Not the only reasons: You forgot their -22.4% effective tax rate in Q3.
Nobody cares why. I am officially converted. Tomorrow I will buy every piece of *hit stock I can find and never think about it again. They all say it. The market will not go down, not ever too many managers chasing performance. Y-o-Y be damned it's time to go all in...
Finally, a captcha question that didn't require a calculator
So they are close to losing money with every trade, but their trade volume is falling?
what a bargain!
Staggering vols pre announcement but I presume ZH you are investigating that with extreme fine tooth comb unlike other public bodies that sit on the fence for years
Keep up the good work... we NEED you!
I have been sitting on quite a bit of aluminum for well over a year now.
I was a bit upset of the actions from China last year when Aluminum prices started sky rocketing.

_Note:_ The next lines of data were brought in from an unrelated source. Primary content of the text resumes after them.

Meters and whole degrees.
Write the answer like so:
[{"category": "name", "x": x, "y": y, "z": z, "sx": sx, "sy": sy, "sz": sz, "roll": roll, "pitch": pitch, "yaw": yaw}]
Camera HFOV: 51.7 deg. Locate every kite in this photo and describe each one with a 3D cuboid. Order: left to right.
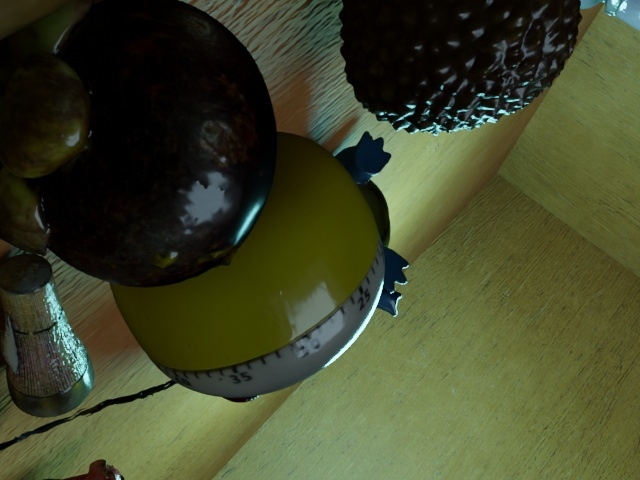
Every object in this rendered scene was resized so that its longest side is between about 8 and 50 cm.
[{"category": "kite", "x": -0.289, "y": 0.197, "z": 0.686, "sx": 0.286, "sy": 0.015, "sz": 0.152, "roll": -21, "pitch": 177, "yaw": 4}]

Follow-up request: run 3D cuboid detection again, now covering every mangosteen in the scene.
[{"category": "mangosteen", "x": -0.138, "y": -0.065, "z": 0.419, "sx": 0.217, "sy": 0.192, "sz": 0.192, "roll": 3, "pitch": 128, "yaw": -48}]

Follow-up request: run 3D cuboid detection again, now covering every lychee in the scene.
[{"category": "lychee", "x": 0.139, "y": -0.239, "z": 0.711, "sx": 0.267, "sy": 0.267, "sz": 0.267, "roll": -47, "pitch": 166, "yaw": -15}]

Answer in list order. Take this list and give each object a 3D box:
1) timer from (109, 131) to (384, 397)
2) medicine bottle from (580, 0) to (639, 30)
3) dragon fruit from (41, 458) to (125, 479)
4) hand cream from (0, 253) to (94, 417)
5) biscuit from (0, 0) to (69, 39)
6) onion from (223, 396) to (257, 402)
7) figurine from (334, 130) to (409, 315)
[{"category": "timer", "x": -0.089, "y": -0.019, "z": 0.624, "sx": 0.285, "sy": 0.285, "sz": 0.285, "roll": -47, "pitch": 166, "yaw": -15}, {"category": "medicine bottle", "x": 0.422, "y": -0.441, "z": 0.924, "sx": 0.241, "sy": 0.302, "sz": 0.241, "roll": -47, "pitch": 166, "yaw": -16}, {"category": "dragon fruit", "x": -0.366, "y": 0.453, "z": 0.974, "sx": 0.227, "sy": 0.224, "sz": 0.224, "roll": -32, "pitch": 163, "yaw": -10}, {"category": "hand cream", "x": -0.264, "y": 0.088, "z": 0.627, "sx": 0.084, "sy": 0.084, "sz": 0.203, "roll": -40, "pitch": 158, "yaw": -37}, {"category": "biscuit", "x": -0.094, "y": -0.257, "z": 0.190, "sx": 0.446, "sy": 0.104, "sz": 0.429, "roll": -41, "pitch": 165, "yaw": -24}, {"category": "onion", "x": -0.114, "y": 0.139, "z": 1.062, "sx": 0.248, "sy": 0.161, "sz": 0.248, "roll": -52, "pitch": 177, "yaw": -4}, {"category": "figurine", "x": 0.032, "y": -0.012, "z": 1.016, "sx": 0.243, "sy": 0.297, "sz": 0.416, "roll": -19, "pitch": 174, "yaw": 20}]

China ramped up new production to get in on the profits,which had drove down aluminum prices for months.
Though they are starting to recover due to the vast majority of aluminum stocks right now are being stored by investor's and aren't committed to buyer's at this point.
It's sort of a sock it back atcha deal towards China.
Letem produce new aluminum at a higher energy cost(than for recycled aluminum) China started making huge production decreases because of expenses,now prices are recovering though demand may still be down from high end industries such as cars it will come back around.
Aluminum usually spikes a few times in a decade,it's hit once in a really good way,so maybe China learned something last time around.
Jacking up production isn't the smartest thing in the world,stability is.
When it went down to late 80's and mid 90's prices in the latter millenium it's very sad.
All I know is that I'm willing to simply keep sitting on it until fair prices are reached.